Earlier the BBC, the British Broadcasting Corporation, followed up on a large number of customers complaints, with a story on Cupid plc, having spoken to 11 users of Cupid plc’s sites who expressed doubts about whether many of the women “daters” they heard from are genuine.

They said they had lots of messages when they signed up to the sites as free users, but when they paid up, interest rapidly tailed off.

After the Kyiv Post story was picked up by several investment bloggers, company shares on London stock exchange where it has been listed since 2010 more than halved within hours, knocking £55 million off its value and closed down 57 percent at 49p.

Until these accusations, Cupid had been seen as a success story in London. The company boasts of more than 54 million members in 58 countries and revenues of $78 million in 2011.

In a March 22 statement, Cupid confirmed that it employs a motivation team of 24 people. But the firm said the team “does not communicate with free members. The team does communicate with new paying subscribers to help them get the most out of the site.”

Cupid said it “has now commissioned an independent audit by one of the big four accounting firms and will report the findings to the market as soon as possible.”

The release was followed by another, much more categorical denial  on March 25 that helped its stock price partially recover.

The company said it “does not employ members of staff to create fake profiles, impersonate users or use any other dubious practice to encourage customers to take out subscriptions or in order to retain existing customers, nor would the company condone, promote or persuade employees to do so.”

Cupid has also said that it has commissioned an independent audit of its customer database and database management processes by a Big Four accounting firm.
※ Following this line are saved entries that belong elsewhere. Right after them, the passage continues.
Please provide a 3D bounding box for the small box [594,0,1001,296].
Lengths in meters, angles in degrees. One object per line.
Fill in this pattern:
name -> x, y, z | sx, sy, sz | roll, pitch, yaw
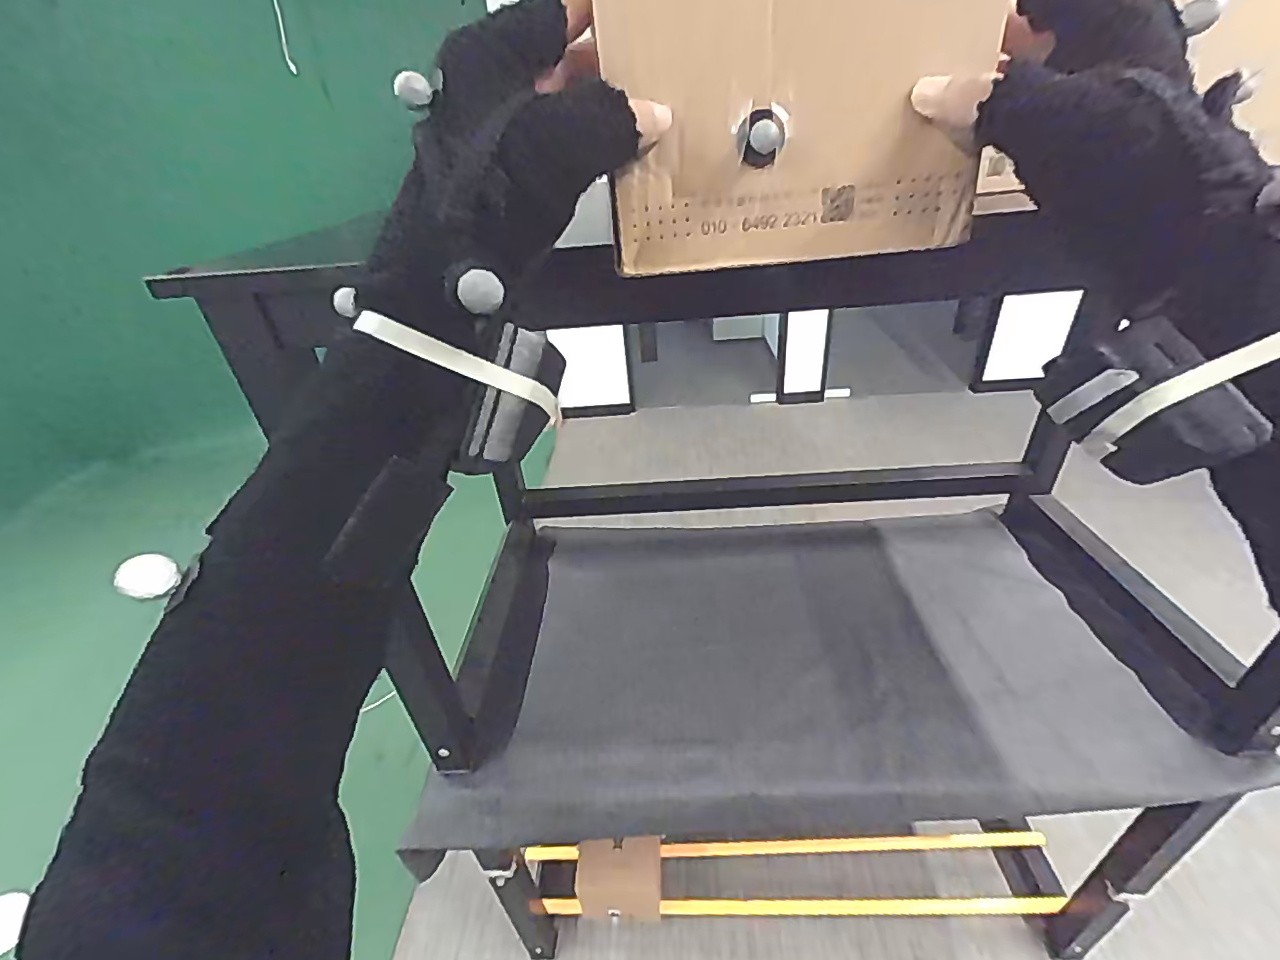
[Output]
small box -> 0.067, -0.208, 0.303 | 0.168, 0.176, 0.179 | -4, 31, 5

It also seeks legal advice regarding the publication.

The Kyiv Post stands by its story.

When contacted by the Kyiv Post on March 28, Cupid referred the inquiry to Redleaf Polhill, a public relations firm. Its director Rebecca Sanders-Hewett said: “The company refutes all allegations made in your previous article and have passed the matter to their lawyers – the company does not have any intention of engaging further with the Kyiv Post and you will be hearing from the company’s lawyers in due course.”

Aside from the Kyiv Post’s undercover job interview, a Kyiv Post journalist registered as a male from Ukraine at cupid.com, but received no emails. However, when registering from Belgium, using a local Internet protocol and posing as a Belgian male, the journalist immediately got three emails from two females who claimed to live nearby.

Only the subject headings of their emails were available, all in English. To read the full message one must pay 4.47 euros ($5.83) for a three-day trial membership. The terms and conditions state that unless the member cancels membership during the trial period, the system automatically subscribes the person for the monthly membership of 27.99 euros.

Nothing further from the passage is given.